WHAT IS EXPECTED: Could you show each line of the records that contains the word "list"?

MATERIAL PROVIDED:
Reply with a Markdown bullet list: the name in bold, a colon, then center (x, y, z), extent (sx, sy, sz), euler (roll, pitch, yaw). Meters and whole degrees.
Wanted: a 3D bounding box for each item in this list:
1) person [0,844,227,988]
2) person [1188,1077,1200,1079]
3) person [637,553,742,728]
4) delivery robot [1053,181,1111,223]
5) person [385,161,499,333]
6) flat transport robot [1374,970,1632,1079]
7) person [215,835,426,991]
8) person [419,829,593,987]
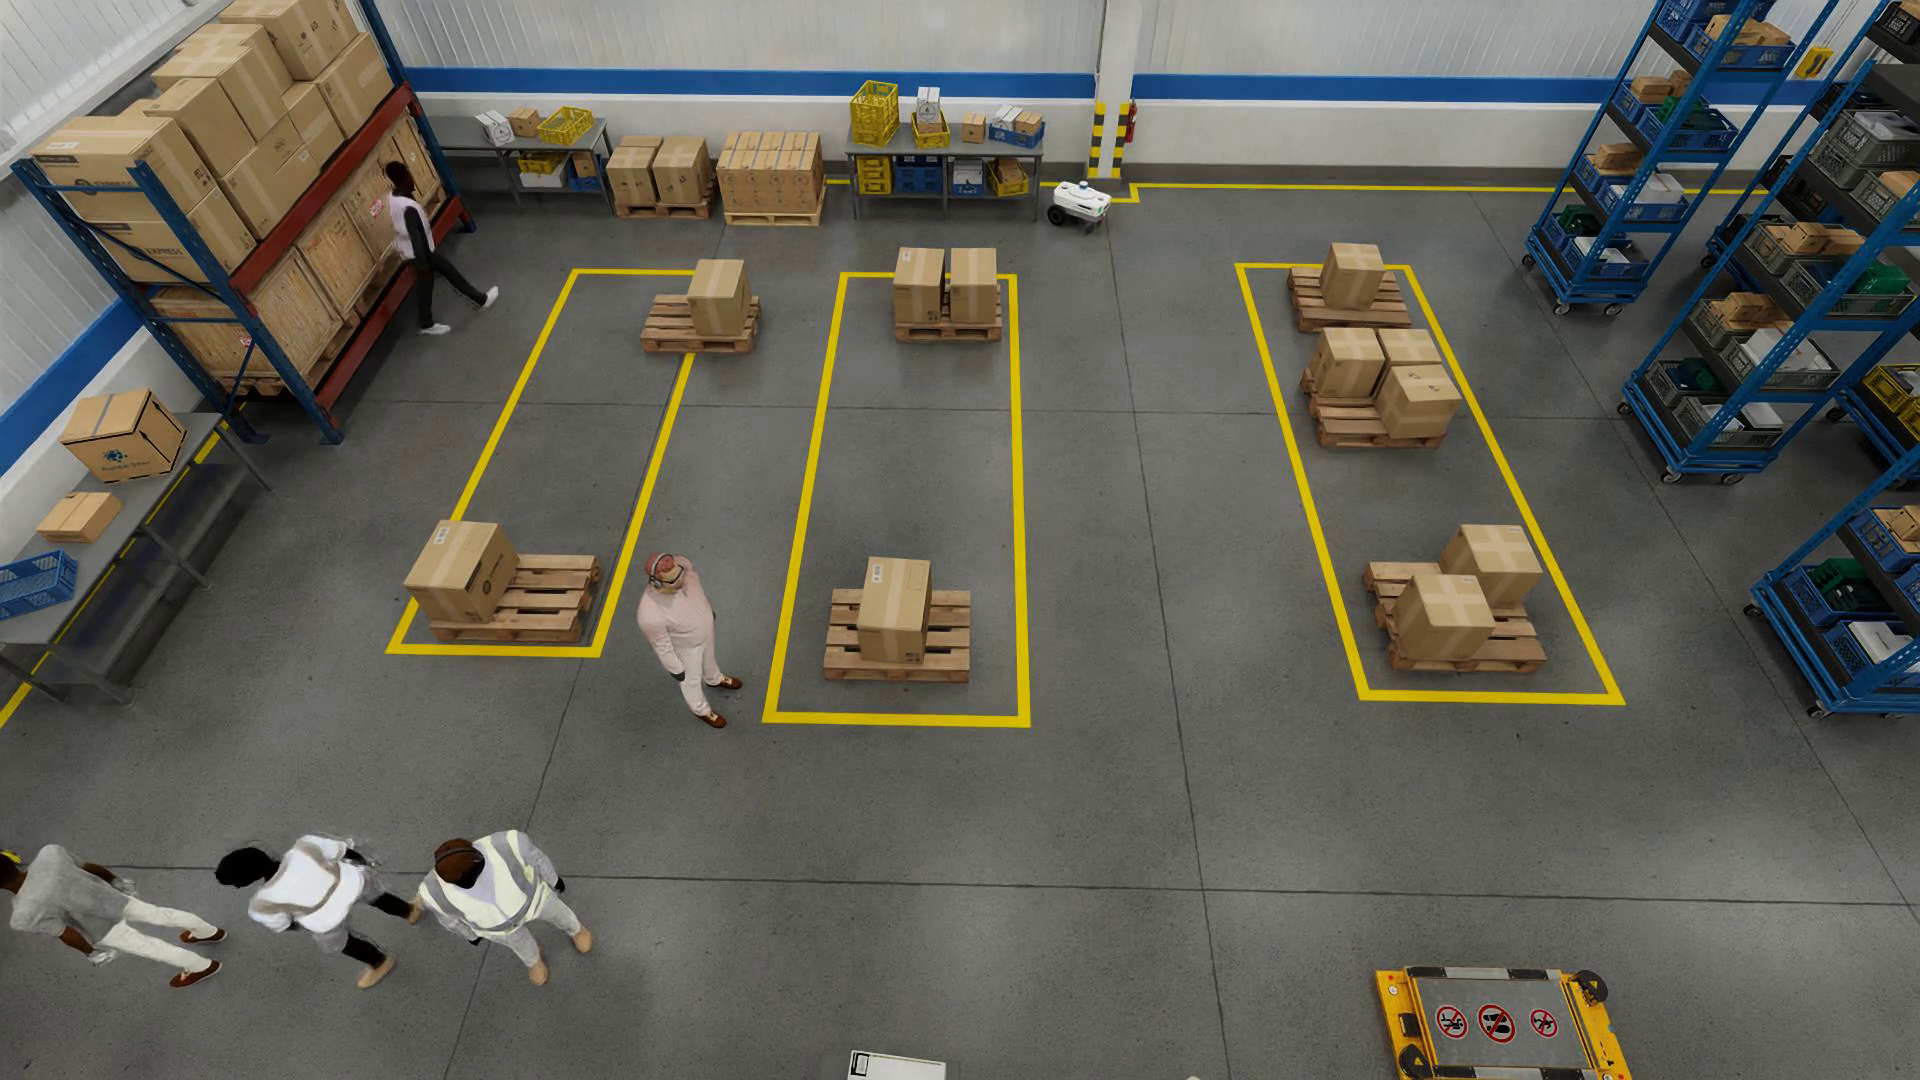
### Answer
- **person**: center (-5.218, 2.299, 5.574), extent (0.327, 1.863, 0.521), euler (-11, 52, -9)
- **person**: center (1.117, 3.246, 4.821), extent (0.404, 1.833, 0.590), euler (26, 55, 20)
- **person**: center (-1.998, 0.723, 6.831), extent (0.408, 1.906, 0.654), euler (10, 52, 8)
- **delivery robot**: center (1.567, -4.368, 11.789), extent (0.707, 0.478, 0.477), euler (25, 55, 19)
- **person**: center (-5.837, -3.183, 10.056), extent (0.993, 1.843, 0.666), euler (-37, 60, -26)
- **flat transport robot**: center (3.501, 3.133, 5.914), extent (1.431, 0.197, 0.652), euler (1, 51, 1)
- **person**: center (-3.922, 2.226, 5.758), extent (0.335, 1.672, 0.681), euler (15, 52, 12)
- **person**: center (-2.753, 2.251, 5.627), extent (0.634, 1.841, 0.429), euler (-32, 57, -23)

ANSWER FOR THE TASK:
Reply with a Markdown bullet list: the name in bold, a colon, then center (x, y, z), extent (sx, sy, sz), euler (roll, pitch, yaw). Meters and whole degrees.
Wanted: a 3D bounding box for each item in this list:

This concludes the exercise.